唐捐笑道,“把这两个小朋友交给你,让他们打一年白工抵债如何?”
“哈哈哈,并无不可。”
两名合欢宗修士一口气还吊在嗓子眼,眼见唐捐与闵筠一拍即合,沆瀣一气,怎么能猜不到两人狼狈为奸。无论花落谁家,肯定都是要分赃得一清二楚,把自己卖了的。
这可真是祸不单行,一晚上撞到两位瘟神。
架还没吵完的两名合欢宗修士默契地往对方那里挪动半步。
闵筠与唐捐对话之时,场中长鸣已然结束,两只蟋蟀斗到一处。
无需撩拨,赤红蟋蟀历经大捷,斗志昂扬,首先递牙挑衅,两颗凶牙展开,好战之态显露无遗。
唐捐以符纸所折的蟋蟀看似轻薄,实则珞珞如石,搭上牙后,两颗利齿与赤红蟋蟀大牙相互钳制,看似弱不禁风的纸张不因抵御攻势而出现丝毫褶皱。
倒像铁打铜铸,坚不可摧。
合局即是斗法,即便是斗蟋蟀这样再民间不过的娱乐,也能看出其后操纵的修士本人高下,管中窥豹,可见一斑。

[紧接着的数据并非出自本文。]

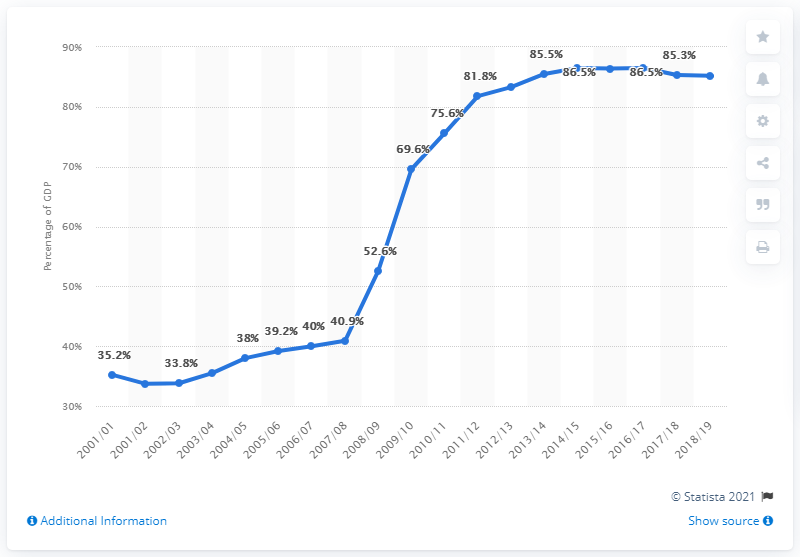Outline some significant characteristics in this image. In 2016/17, the national debt reached its peak. In 2016/17, the national debt as a percentage of GDP peaked at a level that had not been seen since 2002/03. 
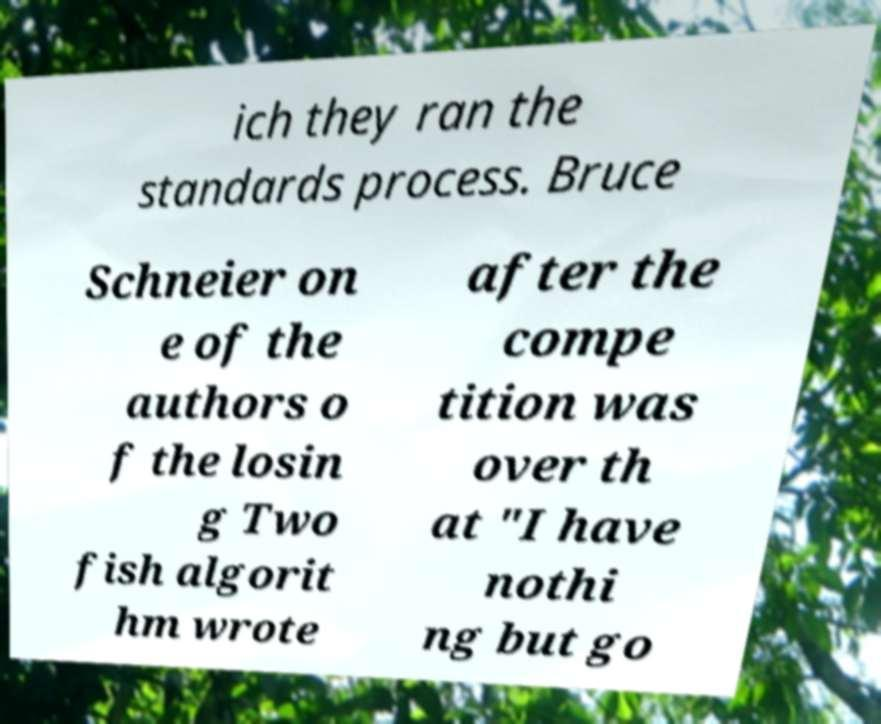Please identify and transcribe the text found in this image. ich they ran the standards process. Bruce Schneier on e of the authors o f the losin g Two fish algorit hm wrote after the compe tition was over th at "I have nothi ng but go

期间闵筠三次哨音,分别控制赤红蟋蟀进退自如,或撕咬挣脱,或挑衅按耐,将军出入战场之风采,在区区虫豸上展现完全。
纸蟋蟀逐渐被赤红蟋蟀压制,坚固的身躯虽不显破损,但几乎全身都被啃了个遍,根本找不到翻盘的机会。
周围有压低的吸气声,这一手闵筠之前从未施展,已非寻常驭兽之术可达。唐捐至此表现乏善可称,要是输了一个不高兴在坐观众在初见唐捐时已经少了大半,剩下一撮胆大的看得战战兢兢,又舍不得就这么离开,热闹不嫌事大,可谓是真正的赌徒了。

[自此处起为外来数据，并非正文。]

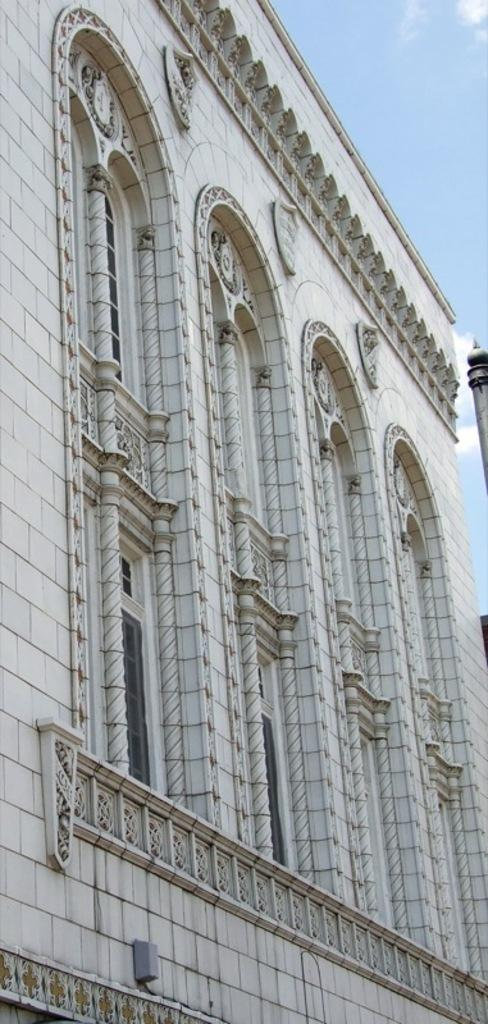What type of structure is present in the image? There is a building in the image. What can be seen above the building in the image? The sky is visible at the top of the image. Who is smiling in the image? There is no person present in the image to smile.

就在这时,纸蟋蟀收起利齿,豕窜狼逋四处逃窜,与赤红蟋蟀拉开距离,战意全无。
“还不出手?”闵筠不解,卷舌,哨声再起。
反观唐捐,从合局开始便不再有所指令,作壁上观。
胜局可望,他不知道唐捐还在等待什么。
察觉到闵筠的目光,唐捐如梦初醒,和蔼一笑,人畜无害。
忽而纸蟋蟀暴起,锋利的尖牙重新咧开,其后纸张层层叠叠以作口器,两层纸折成的后腿陡然展开,粗壮一倍有余,蹬地扑来。
退!闵筠哨音脱口而出,尖厉急促,却为时已晚。
赤红蟋蟀的后腿被钳制动弹不得,它猛地抽身,一口全力咬在纸蟋蟀的身躯。
两败俱伤,斗坛的地面上多出一条粗壮的赤红断肢,是赤红蟋蟀弃车保帅舍弃的右后腿。
除此之外,还有半截掉落的触须,化作了纸条。
伤痕累累的纸蟋蟀要将赤红蟋蟀逼至边沿,只差几步。
一进再进。
“好个反局!”
蓦地,桌边有一人大喝。
他手中提了杯盏,酒满溢到杯沿,醉醺醺地往嘴里灌,刚才喝彩被堵了回去好不痛快。
身形摇晃,不慎撞到桌角,杯盏脱手而出。
杯中余下的酒统统洒入陶罐。
哗啦。
恰巧淋在了两只蟋蟀决斗的角落。
纸折蟋蟀顿时受潮,浅黄符纸吸水涨开,整个后背变为黑色,明显向中间塌陷。